Personal information
- Full name: Alhassan Abubakar
- Date of birth: 25 December 1994 (age 31)
- Place of birth: Kumasi, Ghana
- Height: 6 ft 1 in (1.85 m)
- Position: Centre-back

Team information
- Current team: FC Dallas
- Number: 5

College career
- Years: Team / Apps / (Gls)
- 2013: University of Ghana
- 2014–2016: Dayton Flyers / 61 / (4)

Senior career*
- Years: Team / Apps / (Gls)
- 2015: Charlotte Eagles / 14 / (2)
- 2016: Michigan Bucks / 12 / (0)
- 2017–2019: Columbus Crew / 31 / (2)
- 2017: → Pittsburgh Riverhounds (loan) / 5 / (0)
- 2019: → Colorado Rapids (loan) / 22 / (0)
- 2020–2024: Colorado Rapids / 117 / (9)
- 2022: Colorado Rapids 2 / 3 / (0)
- 2025–: FC Dallas / 11 / (1)

International career
- Ghana U20

= Lalas Abubakar =

Ghanaian footballer (born 1994)

Alhassan "Lalas" Abubakar (born 25 December 1994) is a Ghanaian professional footballer who plays as a centre back for Major League Soccer club FC Dallas.

==Early life==
Born in Kumasi, Abubakar was raised in the Ghanaian capital of Accra and attended the University of Ghana.

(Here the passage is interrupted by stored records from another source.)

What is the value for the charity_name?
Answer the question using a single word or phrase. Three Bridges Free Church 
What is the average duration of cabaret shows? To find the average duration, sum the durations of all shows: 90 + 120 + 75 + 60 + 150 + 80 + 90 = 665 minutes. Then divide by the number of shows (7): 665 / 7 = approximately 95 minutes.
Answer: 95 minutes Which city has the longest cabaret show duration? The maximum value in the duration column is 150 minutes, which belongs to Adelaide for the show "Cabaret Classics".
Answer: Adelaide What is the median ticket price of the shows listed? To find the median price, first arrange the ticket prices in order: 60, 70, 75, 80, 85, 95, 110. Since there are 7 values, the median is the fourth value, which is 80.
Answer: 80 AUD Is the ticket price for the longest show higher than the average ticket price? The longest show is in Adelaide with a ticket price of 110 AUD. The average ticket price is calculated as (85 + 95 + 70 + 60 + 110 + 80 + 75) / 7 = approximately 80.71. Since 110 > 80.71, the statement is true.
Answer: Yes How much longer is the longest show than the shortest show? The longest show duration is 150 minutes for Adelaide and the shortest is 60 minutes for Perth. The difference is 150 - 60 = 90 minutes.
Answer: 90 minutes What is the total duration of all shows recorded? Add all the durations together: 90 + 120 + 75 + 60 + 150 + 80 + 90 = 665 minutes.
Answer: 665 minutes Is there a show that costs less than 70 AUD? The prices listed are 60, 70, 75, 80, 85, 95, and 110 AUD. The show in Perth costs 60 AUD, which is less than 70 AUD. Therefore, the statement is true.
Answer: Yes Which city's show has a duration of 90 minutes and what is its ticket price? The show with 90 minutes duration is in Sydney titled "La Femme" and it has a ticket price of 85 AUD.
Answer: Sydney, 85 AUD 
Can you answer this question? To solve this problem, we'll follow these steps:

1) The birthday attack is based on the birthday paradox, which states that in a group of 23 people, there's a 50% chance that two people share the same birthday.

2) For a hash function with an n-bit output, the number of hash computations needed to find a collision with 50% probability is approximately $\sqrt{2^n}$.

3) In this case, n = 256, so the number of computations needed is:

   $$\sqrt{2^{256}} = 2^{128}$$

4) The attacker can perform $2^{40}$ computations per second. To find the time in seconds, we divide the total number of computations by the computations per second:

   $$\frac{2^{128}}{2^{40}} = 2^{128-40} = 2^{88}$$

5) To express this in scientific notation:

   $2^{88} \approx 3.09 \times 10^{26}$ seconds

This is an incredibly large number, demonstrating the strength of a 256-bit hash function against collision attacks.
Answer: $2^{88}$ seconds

He participated in the football team at the university and in 2013, after one of his teammates was selected to join the Dayton Flyers program in the United States, Abubakar was also offered to join after his friend recommended him. Despite having a couple offers in Europe, Abubakar decided to attend the University of Dayton in Ohio and play college soccer for the Flyers.

===Dayton Flyers===
During his three seasons with the Dayton Flyers, Abubakar appeared in 61 matches, scoring four goals and earned six assists. During the 2015 season, Abubakar won the A-10 Championship with Dayton, and made it to the second round of the NCAA Tournament. In 2016, Abubakar was named the Defensive Player of the Year, and was also named in the A10 Men's Soccer All-Conference First Team.

==Club career==
===Charlotte Eagles and Michigan Bucks===

During the college soccer offseason, Abubakar played for Premier Development League club Charlotte Eagles. The team went undefeated during the 2015 season. Abubakar was named in the Eastern Conference team of the season, and was a finalist for the PDL's Young Player of the Year award, losing out to Timothy Mueller.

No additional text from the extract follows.